**TASK ITEM**
Could you filter the listing for lines with the word "around" and return them?
##########
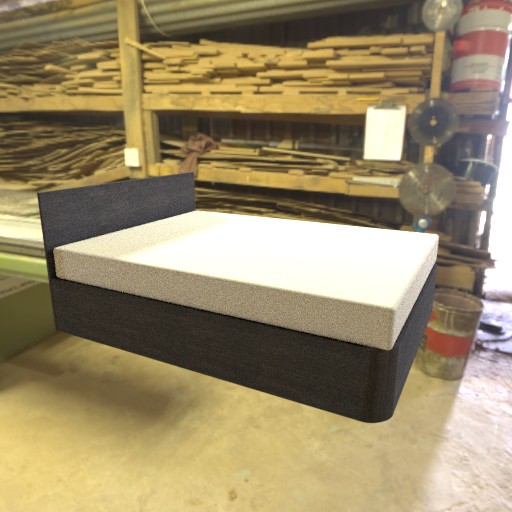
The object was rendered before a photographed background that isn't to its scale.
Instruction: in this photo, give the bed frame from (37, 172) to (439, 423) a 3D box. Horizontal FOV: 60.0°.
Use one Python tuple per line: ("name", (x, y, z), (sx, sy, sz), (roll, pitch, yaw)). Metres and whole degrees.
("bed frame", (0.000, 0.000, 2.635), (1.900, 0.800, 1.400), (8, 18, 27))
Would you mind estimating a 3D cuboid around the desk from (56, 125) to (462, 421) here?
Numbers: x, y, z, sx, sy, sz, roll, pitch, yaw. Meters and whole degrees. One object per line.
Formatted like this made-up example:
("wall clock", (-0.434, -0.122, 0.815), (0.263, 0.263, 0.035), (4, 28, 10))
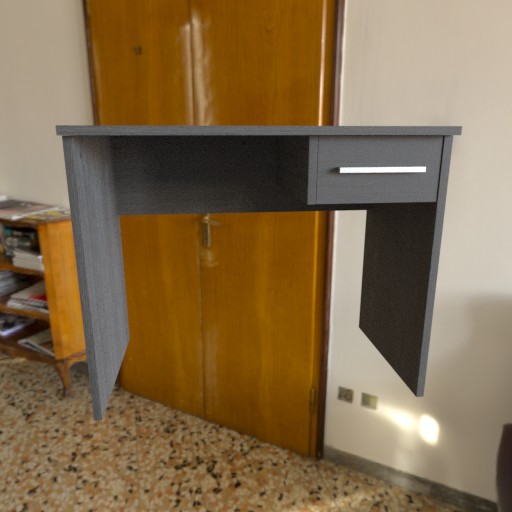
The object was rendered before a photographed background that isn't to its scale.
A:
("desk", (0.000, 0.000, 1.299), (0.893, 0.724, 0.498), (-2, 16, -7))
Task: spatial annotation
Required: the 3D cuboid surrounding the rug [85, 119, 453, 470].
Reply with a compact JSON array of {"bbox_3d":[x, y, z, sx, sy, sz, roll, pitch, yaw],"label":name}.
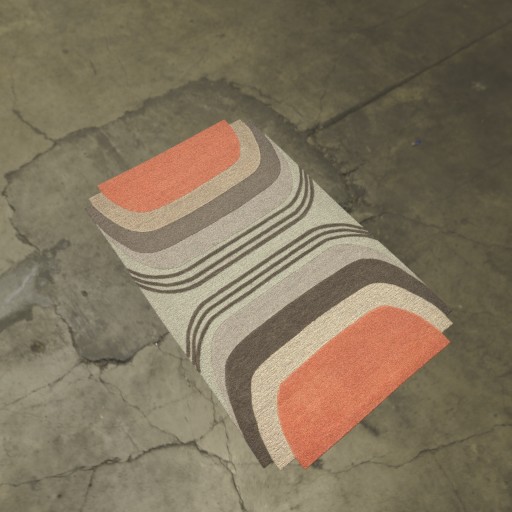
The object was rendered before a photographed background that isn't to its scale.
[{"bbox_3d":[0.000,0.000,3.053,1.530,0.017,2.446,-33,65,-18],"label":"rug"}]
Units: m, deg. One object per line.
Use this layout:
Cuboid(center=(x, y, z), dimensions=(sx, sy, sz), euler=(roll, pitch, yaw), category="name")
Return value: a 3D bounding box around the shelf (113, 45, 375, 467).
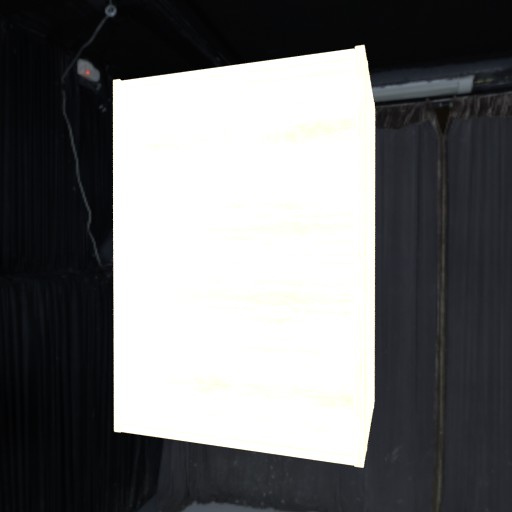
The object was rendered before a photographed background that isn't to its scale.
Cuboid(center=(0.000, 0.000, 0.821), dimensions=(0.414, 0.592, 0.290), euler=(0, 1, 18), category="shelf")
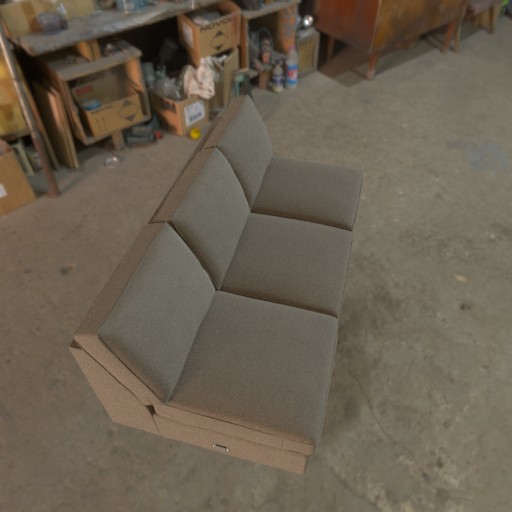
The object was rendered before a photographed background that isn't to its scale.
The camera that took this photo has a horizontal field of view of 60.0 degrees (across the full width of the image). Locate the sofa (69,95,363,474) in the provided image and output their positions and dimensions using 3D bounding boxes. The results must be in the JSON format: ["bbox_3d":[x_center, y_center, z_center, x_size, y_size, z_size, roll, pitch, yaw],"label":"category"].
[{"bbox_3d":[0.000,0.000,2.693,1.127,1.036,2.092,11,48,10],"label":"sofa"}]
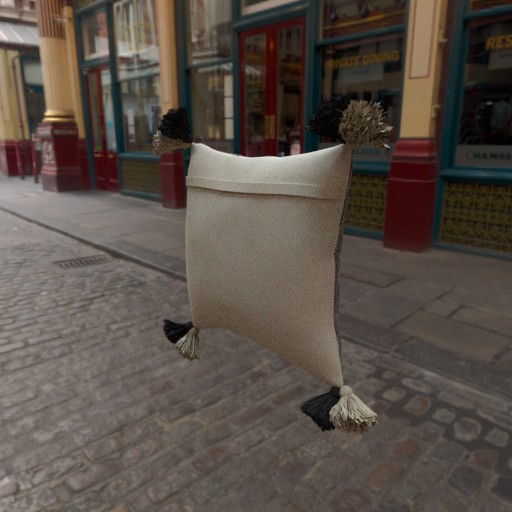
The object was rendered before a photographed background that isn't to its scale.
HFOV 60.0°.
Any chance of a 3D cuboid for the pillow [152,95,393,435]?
##########
**TASK ANSWER**
Would you mind estimating a 3D cuboid around the desk from (56, 125) to (462, 421) here?
Return value: a 3D bounding box around the shelf (113, 45, 375, 467).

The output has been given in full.